- [Exercise requirements]
Take the material below and reproduce, word for word, only the lines from the line with "5. electrical component [252,317,291,351]" through the line with "20. dog figurine [206,272,282,373]".

- [Material for the task]
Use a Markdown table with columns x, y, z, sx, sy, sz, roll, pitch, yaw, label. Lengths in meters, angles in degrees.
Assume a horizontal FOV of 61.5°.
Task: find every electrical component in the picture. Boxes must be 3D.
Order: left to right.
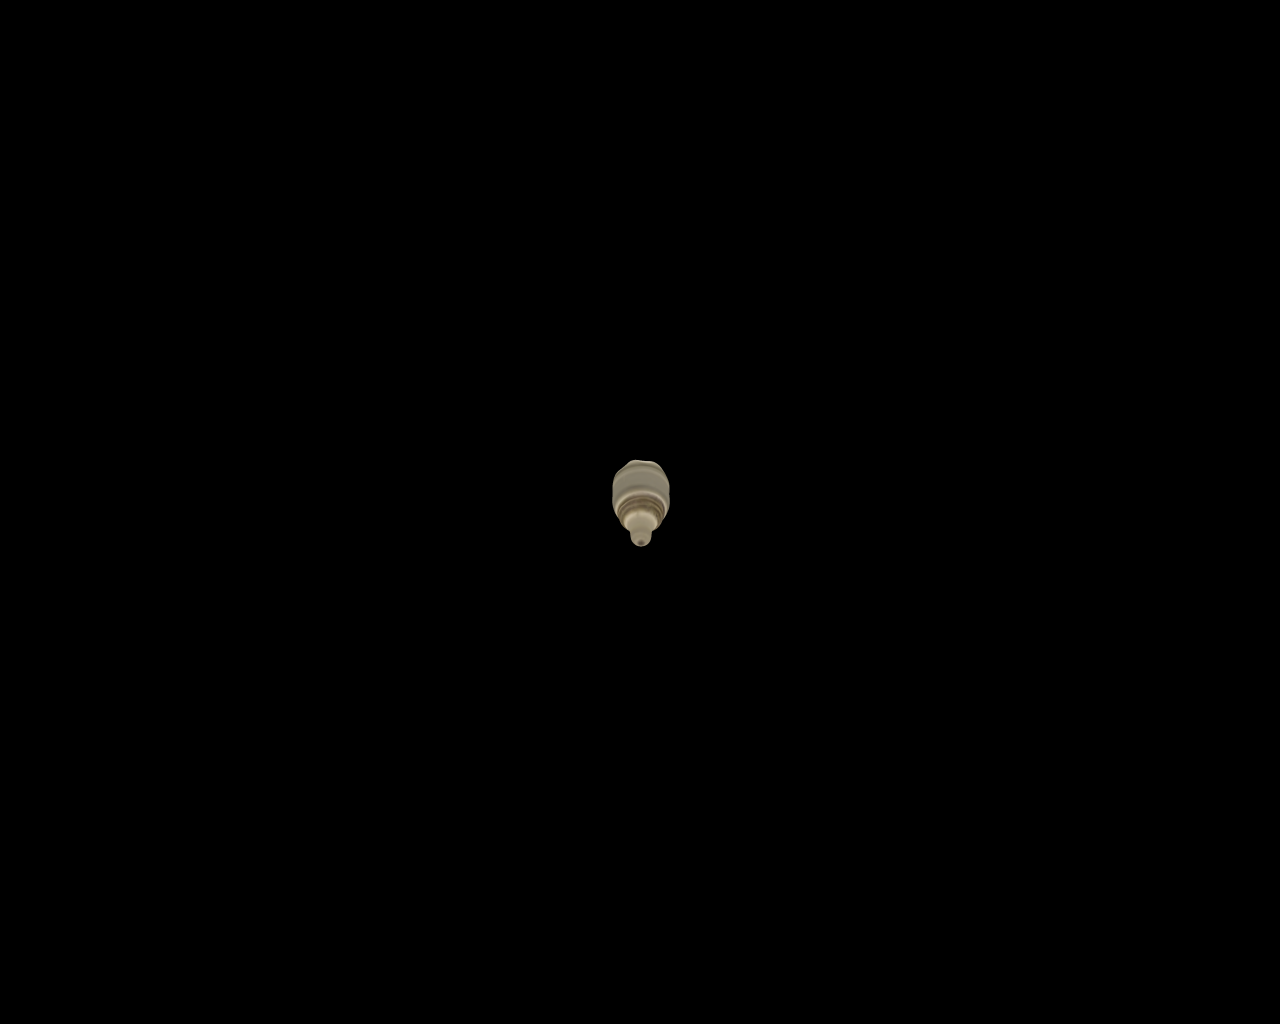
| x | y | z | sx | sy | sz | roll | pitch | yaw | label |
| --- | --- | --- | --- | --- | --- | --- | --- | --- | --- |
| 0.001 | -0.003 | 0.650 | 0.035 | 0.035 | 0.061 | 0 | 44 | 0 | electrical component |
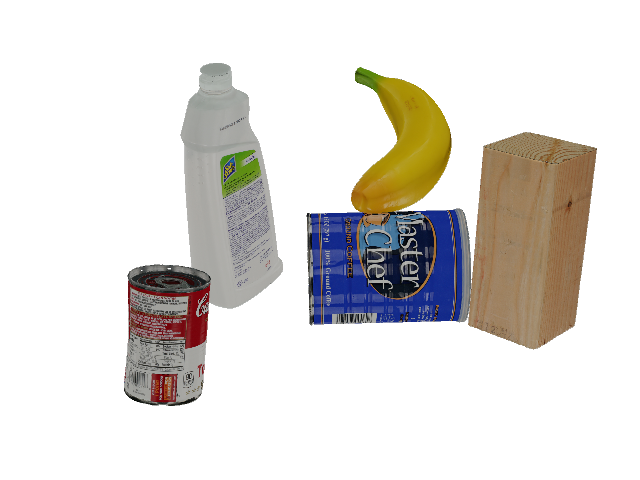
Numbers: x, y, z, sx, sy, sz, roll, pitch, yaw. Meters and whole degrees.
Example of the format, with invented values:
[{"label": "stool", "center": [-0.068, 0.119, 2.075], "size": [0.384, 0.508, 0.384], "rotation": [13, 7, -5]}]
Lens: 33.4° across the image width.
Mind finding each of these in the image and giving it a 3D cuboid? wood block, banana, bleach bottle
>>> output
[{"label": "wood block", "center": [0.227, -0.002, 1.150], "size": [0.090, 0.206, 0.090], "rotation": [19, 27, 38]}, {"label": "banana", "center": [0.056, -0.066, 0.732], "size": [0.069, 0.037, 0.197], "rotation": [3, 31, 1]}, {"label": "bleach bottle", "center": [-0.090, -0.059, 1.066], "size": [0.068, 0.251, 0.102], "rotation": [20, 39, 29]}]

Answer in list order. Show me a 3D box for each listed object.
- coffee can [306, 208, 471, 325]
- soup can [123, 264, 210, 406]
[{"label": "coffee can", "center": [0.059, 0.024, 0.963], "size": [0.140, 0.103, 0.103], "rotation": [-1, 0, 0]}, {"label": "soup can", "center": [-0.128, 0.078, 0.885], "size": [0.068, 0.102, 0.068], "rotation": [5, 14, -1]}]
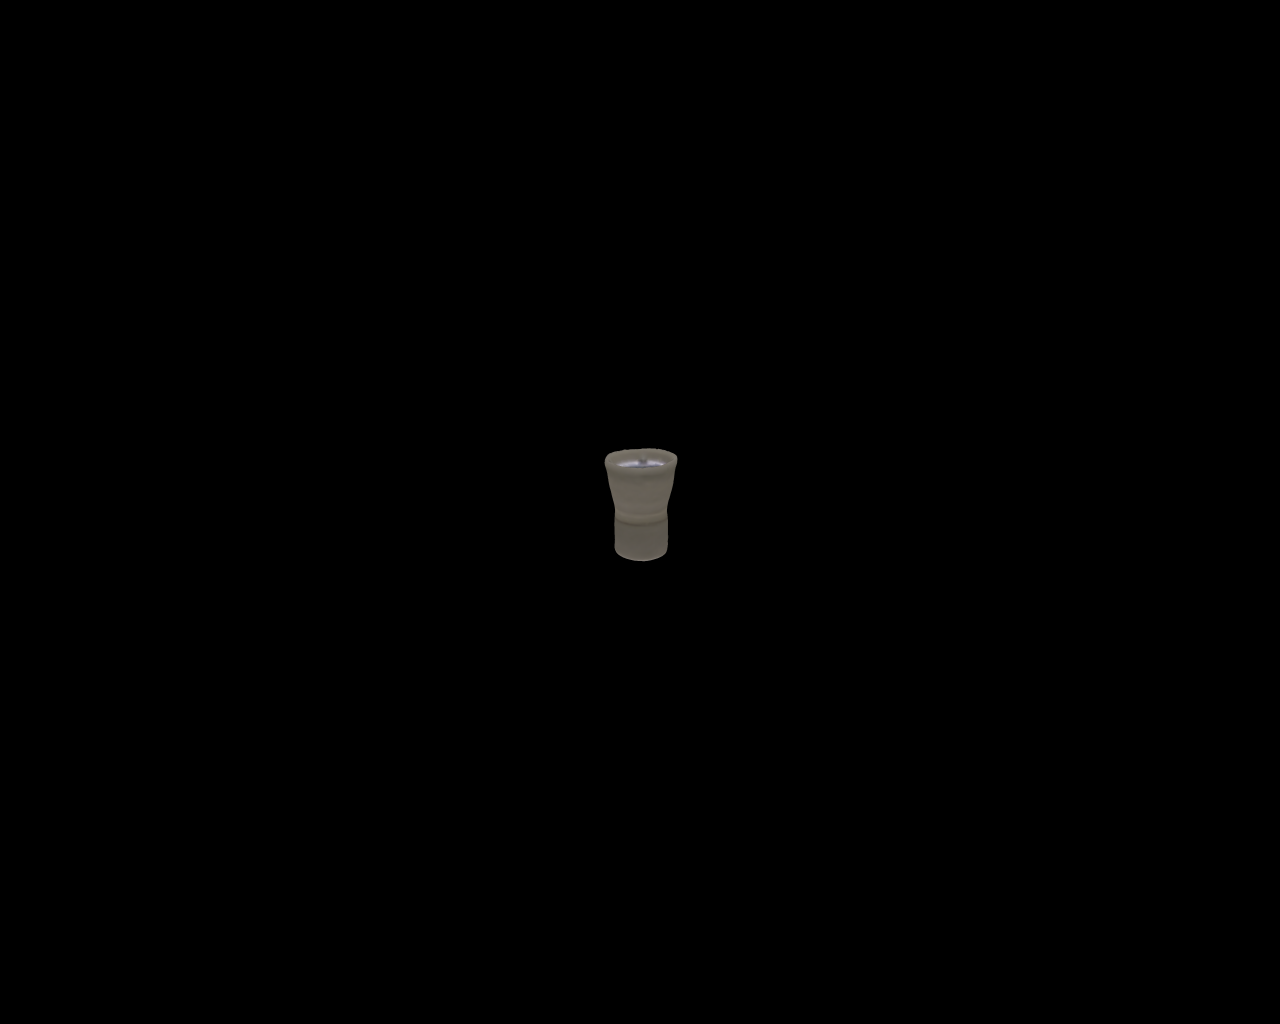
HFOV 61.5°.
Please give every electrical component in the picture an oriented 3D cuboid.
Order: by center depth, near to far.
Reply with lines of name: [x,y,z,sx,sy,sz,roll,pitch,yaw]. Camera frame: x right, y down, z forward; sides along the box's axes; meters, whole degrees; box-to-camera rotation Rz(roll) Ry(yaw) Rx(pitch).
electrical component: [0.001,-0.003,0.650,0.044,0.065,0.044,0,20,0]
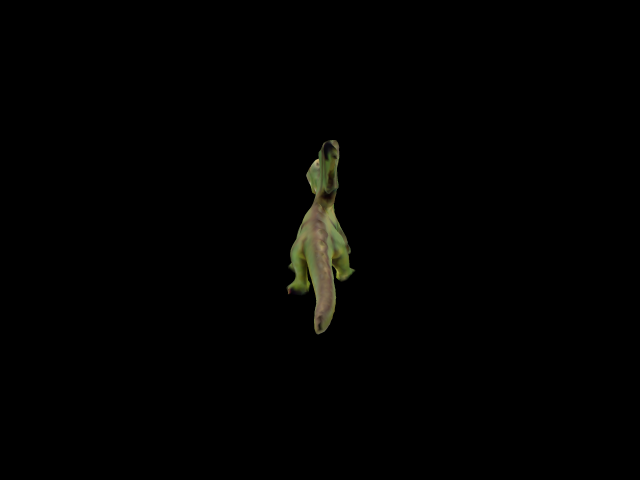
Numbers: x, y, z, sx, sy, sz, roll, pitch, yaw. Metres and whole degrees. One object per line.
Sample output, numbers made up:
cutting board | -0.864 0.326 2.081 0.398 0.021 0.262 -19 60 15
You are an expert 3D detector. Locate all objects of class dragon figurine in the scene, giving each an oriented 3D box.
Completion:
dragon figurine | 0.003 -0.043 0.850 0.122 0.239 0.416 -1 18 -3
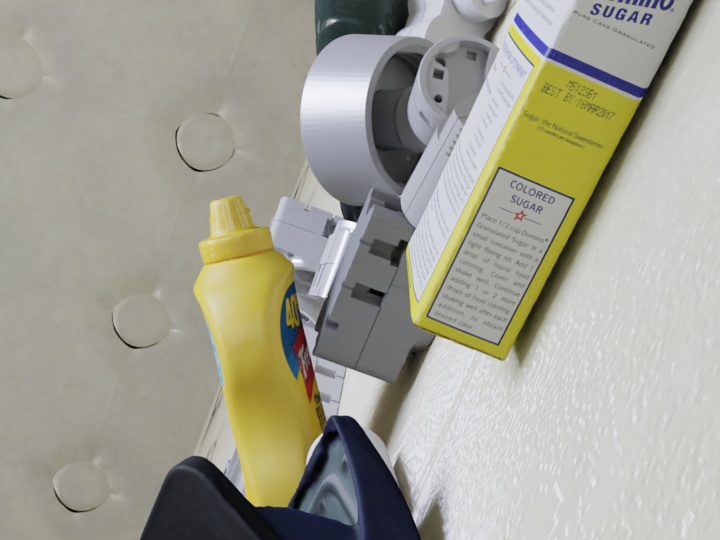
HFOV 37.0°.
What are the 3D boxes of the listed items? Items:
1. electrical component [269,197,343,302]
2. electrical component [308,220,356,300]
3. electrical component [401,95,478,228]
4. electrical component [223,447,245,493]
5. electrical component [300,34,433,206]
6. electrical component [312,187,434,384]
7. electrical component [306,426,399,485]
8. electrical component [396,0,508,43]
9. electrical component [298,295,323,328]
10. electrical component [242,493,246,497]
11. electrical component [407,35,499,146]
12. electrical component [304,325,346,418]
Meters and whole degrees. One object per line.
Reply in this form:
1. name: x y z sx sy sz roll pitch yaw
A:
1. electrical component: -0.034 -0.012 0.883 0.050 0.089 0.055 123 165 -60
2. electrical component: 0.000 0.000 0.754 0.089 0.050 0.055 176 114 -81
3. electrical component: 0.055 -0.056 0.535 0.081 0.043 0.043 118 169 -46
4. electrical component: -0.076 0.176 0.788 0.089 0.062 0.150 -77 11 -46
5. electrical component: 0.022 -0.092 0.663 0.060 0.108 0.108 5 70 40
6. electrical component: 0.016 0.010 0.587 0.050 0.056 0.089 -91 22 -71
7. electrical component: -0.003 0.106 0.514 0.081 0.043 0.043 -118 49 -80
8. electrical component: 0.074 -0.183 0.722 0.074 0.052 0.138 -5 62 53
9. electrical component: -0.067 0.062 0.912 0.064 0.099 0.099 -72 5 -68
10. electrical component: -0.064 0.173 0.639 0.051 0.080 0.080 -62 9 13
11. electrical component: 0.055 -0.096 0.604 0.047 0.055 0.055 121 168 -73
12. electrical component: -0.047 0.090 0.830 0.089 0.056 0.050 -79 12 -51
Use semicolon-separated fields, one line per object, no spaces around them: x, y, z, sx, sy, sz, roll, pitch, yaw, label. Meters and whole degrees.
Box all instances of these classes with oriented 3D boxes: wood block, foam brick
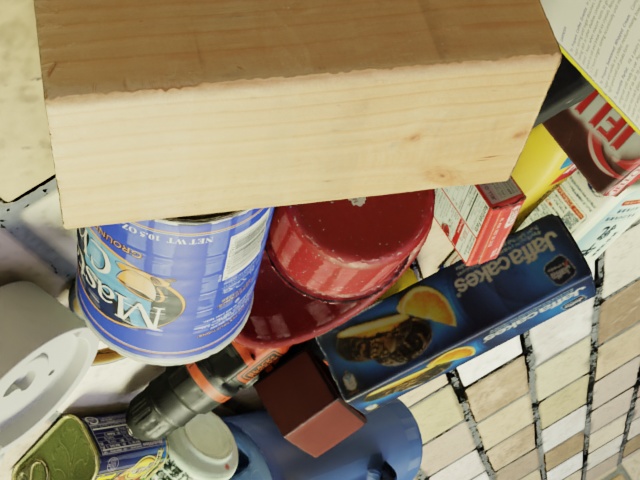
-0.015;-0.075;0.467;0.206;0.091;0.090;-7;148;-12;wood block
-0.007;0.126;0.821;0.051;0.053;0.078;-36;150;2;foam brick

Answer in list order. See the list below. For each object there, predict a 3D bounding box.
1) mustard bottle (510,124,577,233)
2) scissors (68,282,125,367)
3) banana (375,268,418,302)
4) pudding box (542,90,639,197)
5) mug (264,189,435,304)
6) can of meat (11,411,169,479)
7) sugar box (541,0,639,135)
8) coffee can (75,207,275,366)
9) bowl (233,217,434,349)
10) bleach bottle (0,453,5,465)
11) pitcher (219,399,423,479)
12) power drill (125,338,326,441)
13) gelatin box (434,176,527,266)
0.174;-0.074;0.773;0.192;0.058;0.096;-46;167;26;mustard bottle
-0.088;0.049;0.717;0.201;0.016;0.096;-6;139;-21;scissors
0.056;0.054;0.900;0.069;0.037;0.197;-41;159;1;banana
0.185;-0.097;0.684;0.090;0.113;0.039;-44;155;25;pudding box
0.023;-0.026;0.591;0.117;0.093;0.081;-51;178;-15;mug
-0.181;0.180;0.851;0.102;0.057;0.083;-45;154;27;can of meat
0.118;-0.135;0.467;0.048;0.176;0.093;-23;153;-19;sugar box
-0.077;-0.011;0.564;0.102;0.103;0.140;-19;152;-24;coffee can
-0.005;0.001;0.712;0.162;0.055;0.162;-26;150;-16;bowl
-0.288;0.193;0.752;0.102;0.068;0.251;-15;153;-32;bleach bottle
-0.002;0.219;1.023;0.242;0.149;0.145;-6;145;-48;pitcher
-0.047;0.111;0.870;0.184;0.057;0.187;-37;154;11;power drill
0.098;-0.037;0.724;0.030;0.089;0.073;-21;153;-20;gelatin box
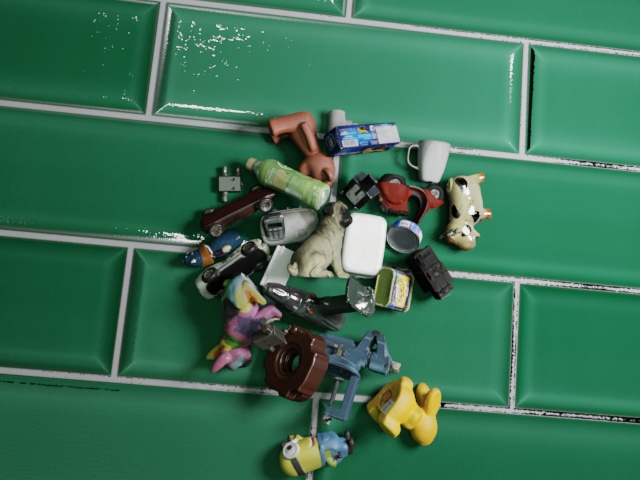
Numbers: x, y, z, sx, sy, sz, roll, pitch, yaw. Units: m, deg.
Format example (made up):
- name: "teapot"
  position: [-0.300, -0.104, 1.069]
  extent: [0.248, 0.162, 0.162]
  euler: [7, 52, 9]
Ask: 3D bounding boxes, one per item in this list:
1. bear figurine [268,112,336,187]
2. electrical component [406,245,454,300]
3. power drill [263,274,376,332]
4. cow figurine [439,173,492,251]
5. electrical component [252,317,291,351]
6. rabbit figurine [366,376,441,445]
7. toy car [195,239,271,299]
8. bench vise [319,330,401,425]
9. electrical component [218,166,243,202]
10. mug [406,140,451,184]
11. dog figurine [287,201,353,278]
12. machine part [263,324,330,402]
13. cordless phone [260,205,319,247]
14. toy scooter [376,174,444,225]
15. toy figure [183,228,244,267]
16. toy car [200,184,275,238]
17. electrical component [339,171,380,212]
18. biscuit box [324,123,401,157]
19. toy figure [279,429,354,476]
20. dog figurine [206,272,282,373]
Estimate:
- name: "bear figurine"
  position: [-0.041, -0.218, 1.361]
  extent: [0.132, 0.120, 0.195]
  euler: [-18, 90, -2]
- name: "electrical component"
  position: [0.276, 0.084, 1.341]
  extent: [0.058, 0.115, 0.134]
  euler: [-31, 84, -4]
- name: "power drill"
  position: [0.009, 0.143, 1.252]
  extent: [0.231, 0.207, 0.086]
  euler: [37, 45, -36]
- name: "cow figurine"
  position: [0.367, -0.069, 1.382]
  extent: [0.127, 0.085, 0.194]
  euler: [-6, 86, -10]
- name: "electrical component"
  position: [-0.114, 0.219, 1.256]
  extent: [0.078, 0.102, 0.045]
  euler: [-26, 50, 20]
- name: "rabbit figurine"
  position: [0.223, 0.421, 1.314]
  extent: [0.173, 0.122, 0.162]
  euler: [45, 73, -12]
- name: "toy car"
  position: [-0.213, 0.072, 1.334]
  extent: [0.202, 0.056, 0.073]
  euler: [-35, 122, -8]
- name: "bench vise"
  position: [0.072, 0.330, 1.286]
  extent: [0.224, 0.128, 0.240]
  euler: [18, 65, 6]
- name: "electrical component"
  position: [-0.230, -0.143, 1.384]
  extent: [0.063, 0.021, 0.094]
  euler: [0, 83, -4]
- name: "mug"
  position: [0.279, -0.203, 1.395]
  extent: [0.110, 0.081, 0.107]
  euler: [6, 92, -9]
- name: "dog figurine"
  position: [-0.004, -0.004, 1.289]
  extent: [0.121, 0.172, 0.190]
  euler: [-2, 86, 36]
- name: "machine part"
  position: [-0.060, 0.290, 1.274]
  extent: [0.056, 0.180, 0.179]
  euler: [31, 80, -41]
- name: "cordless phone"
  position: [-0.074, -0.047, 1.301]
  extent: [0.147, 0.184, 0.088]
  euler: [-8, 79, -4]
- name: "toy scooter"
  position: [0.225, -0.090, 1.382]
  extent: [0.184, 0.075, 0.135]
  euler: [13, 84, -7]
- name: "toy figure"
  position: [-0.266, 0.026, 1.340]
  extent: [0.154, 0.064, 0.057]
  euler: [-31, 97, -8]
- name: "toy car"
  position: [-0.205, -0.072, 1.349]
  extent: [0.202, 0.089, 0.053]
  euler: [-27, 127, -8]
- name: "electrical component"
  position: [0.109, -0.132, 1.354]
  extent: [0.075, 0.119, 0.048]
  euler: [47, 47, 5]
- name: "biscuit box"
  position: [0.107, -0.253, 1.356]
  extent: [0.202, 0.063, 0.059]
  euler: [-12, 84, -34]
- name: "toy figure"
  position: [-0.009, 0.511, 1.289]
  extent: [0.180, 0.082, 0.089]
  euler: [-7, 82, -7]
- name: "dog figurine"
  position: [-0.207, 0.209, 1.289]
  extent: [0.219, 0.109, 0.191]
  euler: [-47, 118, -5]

- [Written reply]
5. electrical component [252,317,291,351]
6. rabbit figurine [366,376,441,445]
7. toy car [195,239,271,299]
8. bench vise [319,330,401,425]
9. electrical component [218,166,243,202]
10. mug [406,140,451,184]
11. dog figurine [287,201,353,278]
12. machine part [263,324,330,402]
13. cordless phone [260,205,319,247]
14. toy scooter [376,174,444,225]
15. toy figure [183,228,244,267]
16. toy car [200,184,275,238]
17. electrical component [339,171,380,212]
18. biscuit box [324,123,401,157]
19. toy figure [279,429,354,476]
20. dog figurine [206,272,282,373]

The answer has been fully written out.